Several moderate Anglophones, in favour of a return to federalism and not in favour of the secession demanded by the radical ones, cautiously effectively welcomed the recommendation.
“This special status is just a first step towards finding a permanent solution to this crisis”, the famous Anglophone human rights lawyer Felix Agbor Nkongho told the AFP.
Its application, which requires a constitutional amendment, “could have a strong symbolic value in the minds and attitudes of those who wanted a return to federalism,” says Cameroonian researcher Edouard Epiphane Yogo of the Bureau des Etudes Stratégiques in Yaoundé.
“It would be a victory for those who absolutely wanted federalism, and a victory for those who wanted decentralization,” he says.
Critics say it is ‘not enough’
However, “the war is not over,” says English-speaking activist Ayah Ayah Ayah Abine, who believes that “only negotiation between the two sides can put an end to the war.
“After the thousands of lives wasted by the radicalization of both sides, something really special would be needed to end this conflict,” he added, arguing that Yaoundé‘s proposed status for the English-speaking regions is “only a combination of words that does not cover anything specific.

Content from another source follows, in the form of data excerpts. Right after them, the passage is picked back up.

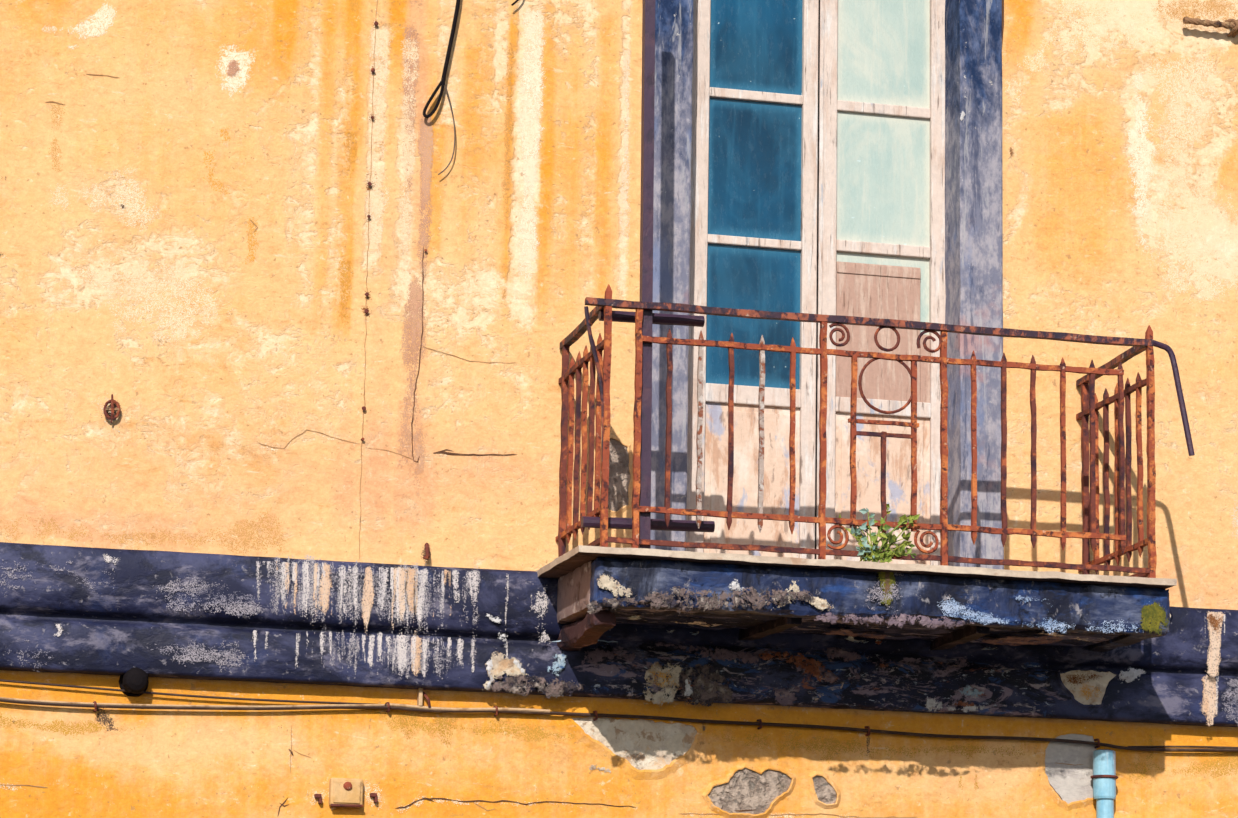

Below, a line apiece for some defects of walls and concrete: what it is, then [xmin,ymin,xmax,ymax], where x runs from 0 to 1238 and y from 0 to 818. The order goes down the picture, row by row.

water stain [338,259,353,325]
crack [258,0,518,558]
water stain [344,25,434,501]
water stain [2,505,479,677]
spalling [483,613,733,780]
spalling [581,575,1144,683]
water stain [1201,611,1225,726]
crack [395,796,633,814]
spalling [701,762,841,818]
spalling [1037,727,1103,811]

The dialogue was boycotted by key leaders of the separatist movement.
“The inhabitants of Ambazonia do not need a special status. We are not part of Cameroon,” Ebenezer Akwanga, leader of one of the separatist armed groups told AFP.
“Ambazonia is marching towards freedom and nothing can stop us,” he added.

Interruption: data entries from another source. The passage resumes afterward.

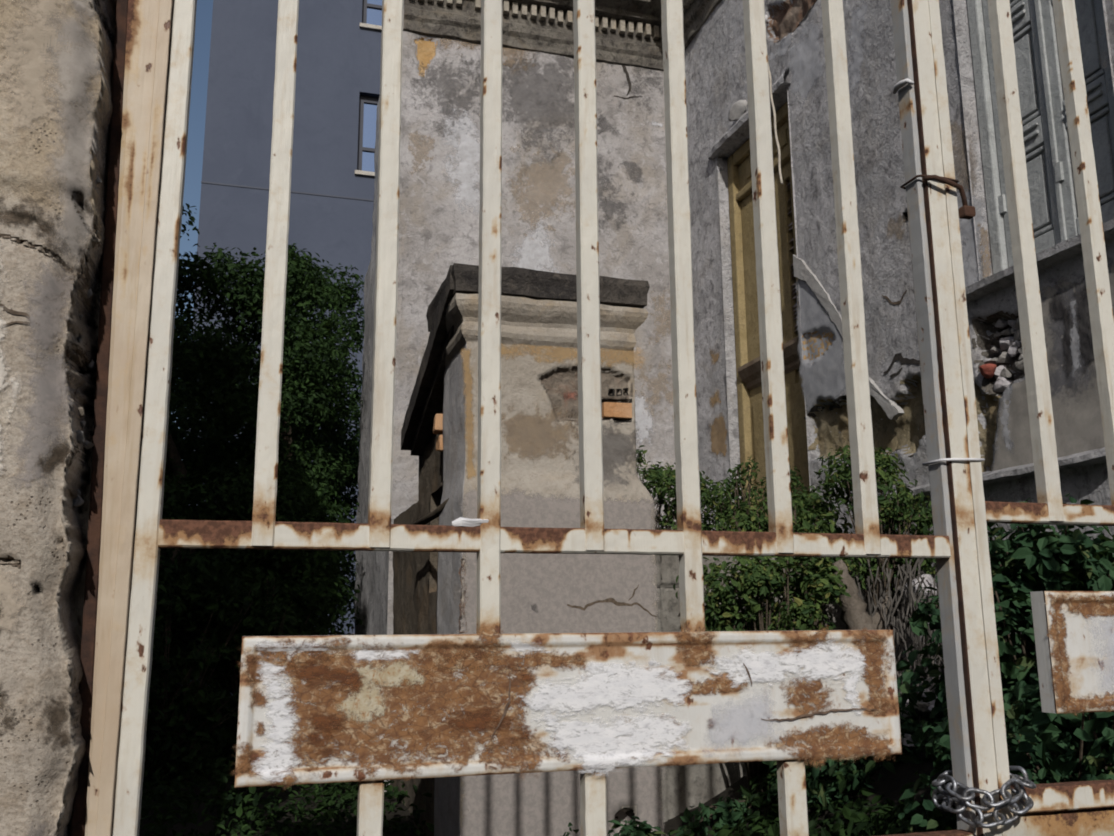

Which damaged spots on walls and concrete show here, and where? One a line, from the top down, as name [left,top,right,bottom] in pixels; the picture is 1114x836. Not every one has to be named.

spalling [767,0,816,43]
crack [0,234,72,272]
spalling [0,0,117,836]
spalling [539,366,579,422]
spalling [601,368,633,422]
spalling [971,311,1025,472]
crack [567,585,657,617]
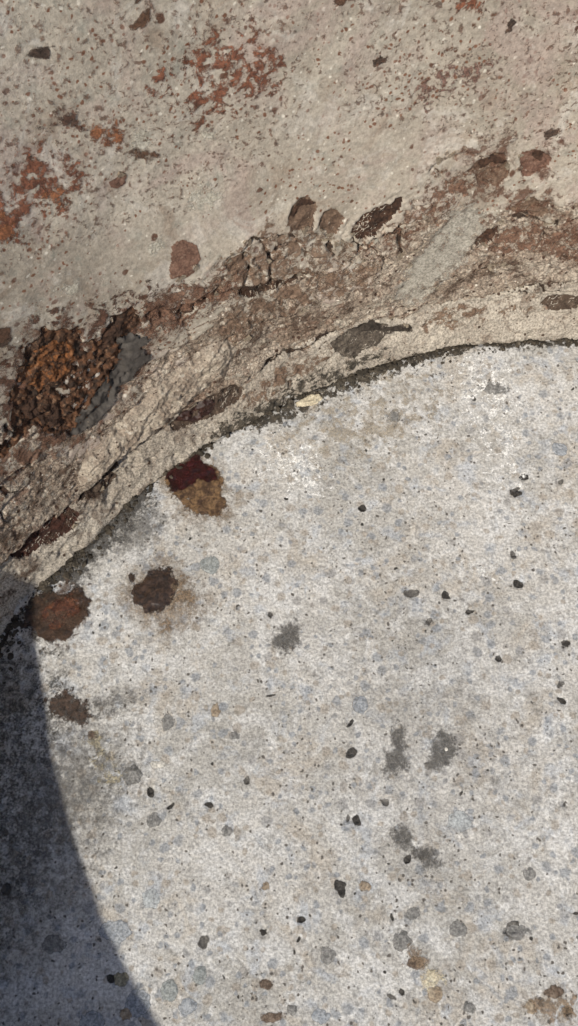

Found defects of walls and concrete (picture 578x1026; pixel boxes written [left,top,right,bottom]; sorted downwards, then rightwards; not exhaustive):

corrosion [0,0,325,275]
crack [212,215,428,298]
spalling [286,197,403,239]
spalling [0,285,221,459]
crack [249,330,337,377]
spalling [330,320,413,359]
damp [25,462,100,545]
damp [46,483,165,588]
corrosion [161,454,238,522]
crack [0,338,578,684]
corrosion [19,579,92,649]
damp [0,630,135,961]
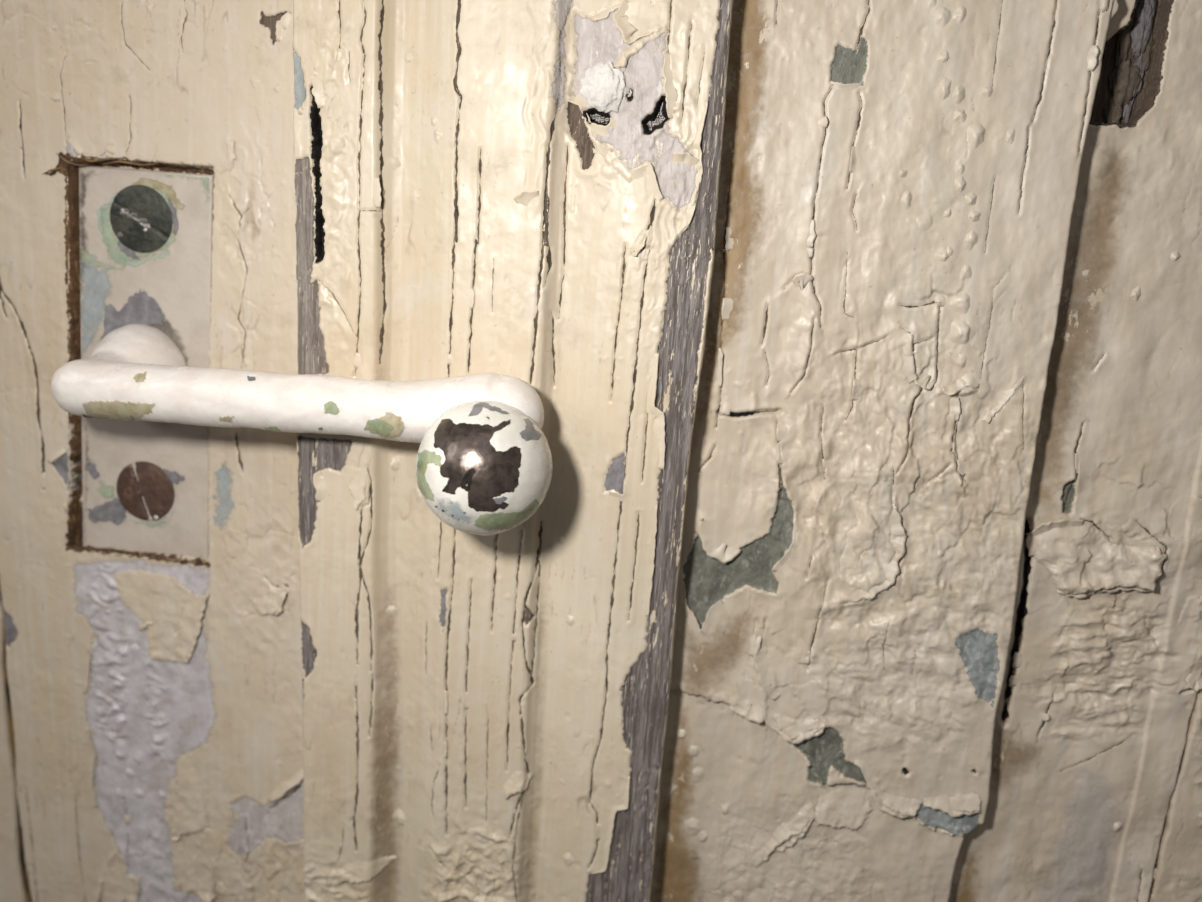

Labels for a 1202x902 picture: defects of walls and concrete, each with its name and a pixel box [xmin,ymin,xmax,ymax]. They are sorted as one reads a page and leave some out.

crack [0,282,46,489]
peeling [295,157,329,375]
peeling [297,435,352,548]
crack [447,0,494,377]
crack [530,9,570,386]
peeling [552,0,798,902]
crack [700,90,967,499]
crack [0,588,38,902]
peeling [73,559,217,902]
crack [425,521,542,902]
peeling [730,629,981,835]
peeling [955,629,1000,707]

For Chris Anu, the independence leader, this proposed special status is almost an insult:
“Do they suggest that we are a handicap?”, he asks, before asserting: “Nothing less than total independence for the people of the Southern Cameroons (another name for the English-speaking state wanted by the independentists), and there is no way to discuss it”.
Critics say the talks this week were not inclusive and did not involve any discussion about a return to federalism that many say is the solution to the conflict.

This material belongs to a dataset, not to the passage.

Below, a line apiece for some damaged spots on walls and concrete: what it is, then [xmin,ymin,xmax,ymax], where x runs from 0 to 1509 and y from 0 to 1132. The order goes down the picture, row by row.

“Cameroon is a joke,” said Cho Ayaba, a leading member of the Ambazonian Governing Council. “Let me be absolutely clear: no Ambazonian is and will be part of Cameroon’s charade.”
Former opposition presidential candidate Akere Muna was told at the talks that the people allowed to speak at one session had already been identified and that he would not be able to participate.
“I said to myself, but that’s not a dialogue,” Muna told Reuters. “It’s a show and I’m a spectator. I left.”
Roots of the conflict
The roots of their grievances go back a century to the League of Nations’ decision to split the former German colony of Kamerun between the allied French and British victors at the end of World War One.
For 10 years after the French- and English-speaking regions joined together in 1961, the country was a federation in which the Anglophone regions largely governed themselves. Biya’s centralisation push after he came to power in 1982 quickly eroded any remaining Anglophone autonomy.
The insurgency emerged after a heavy-handed government crackdown on peaceful protests late in 2016 in the Anglophone Northwest and Southwest regions by lawyers and teachers who complained of being marginalised by the French-speaking majority.
Within months of the initial 2016 protests, newly-formed armed groups were attacking army posts in the Anglophone regions. The army responded by burning down villages and shooting civilians.
Once vibrant cities, including the technology hub of Buea, have turned into ghost towns. Most schools have closed; villages have emptied out as people flee into Nigeria.
Separatists entrenched in the mountainous west say they will only come to the table if the government releases all political prisoners, including 10 leaders who were sentenced in August to life in prison on terrorism charges, and withdraws the military from the two English-speaking regions.
“When we want to bring peace, it is generally the symbols that count, the symbol is not the number” of detainees released “but rather the quality” of those who are released,” warns Yogo.